How your counsel helps you navigate these waters can make a big difference in your bottom line for your beneficiaries, particularly in their tax bill.

“For anyone who hopes to pass down assets to future generations, a basic knowl- edge of federal (and sometimes state) gift and estate taxes is essential,” Stelnick said. “When you die, you will leave behind an estate made up of tangible and intangible assets. The value of that estate combined with the value of any qualifying gifts you made during your lifetime is subject to federal gift and estate taxes at the rate of 40%.”

Of course, you want to avoid forcing your loved ones to forfeit that much of your hardearned assets to Uncle Sam, Stelnick said, which is where the lifetime exemption can come into play.

Each taxpayer is allowed to use this exemption to reduce the amount of taxes owed, she added.
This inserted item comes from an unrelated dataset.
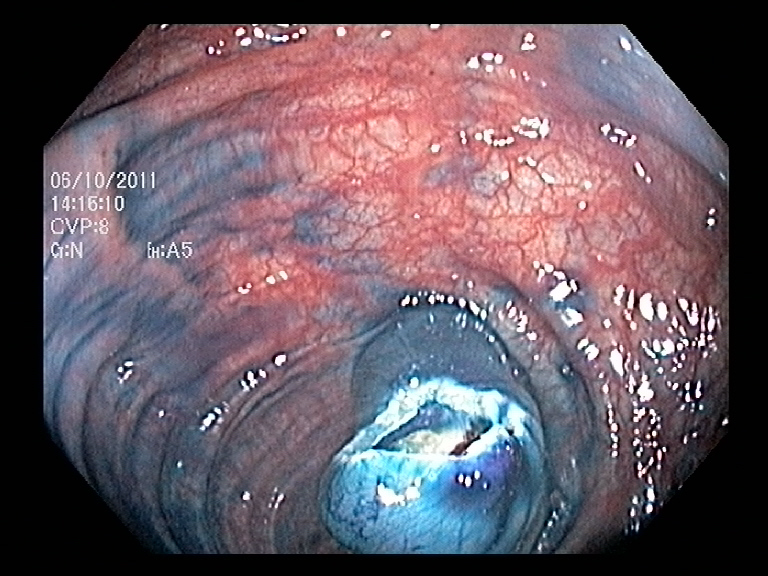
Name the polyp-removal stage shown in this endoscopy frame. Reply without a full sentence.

dyed resection margin (post-polypectomy)
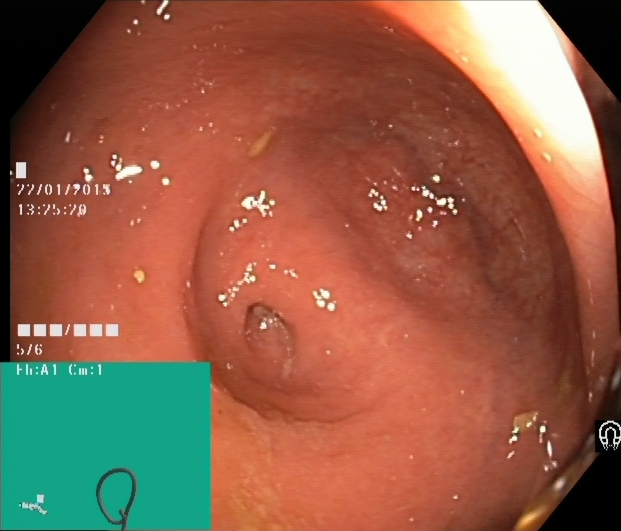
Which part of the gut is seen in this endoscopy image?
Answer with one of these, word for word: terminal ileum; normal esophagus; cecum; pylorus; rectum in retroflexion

cecum

The American Taxpayer Relief Act of 2012 set the lifetime exemption amount at $5 million, to be adjusted annually for inflation. In 2018, however, tax legislation was signed into law that increased the lifetime exemption amount for 2018 and for several years thereafter. In 2026, these amounts are scheduled to revert to the previous $5 million exemption adjusted for inflation.

For 2023, the individual lifetime exemption amount is set to increase to $12.92 million, an increase of almost $900,000. A married couple can shield a total of $25.84 million from federal gift and estate taxes, representing an increase of $1.72 million.

“To put those figures in perspective,” she said, “the increase prevents the loss to Uncle Sam of $344,000 worth of assets for an individual and $688,000 for a married couple.”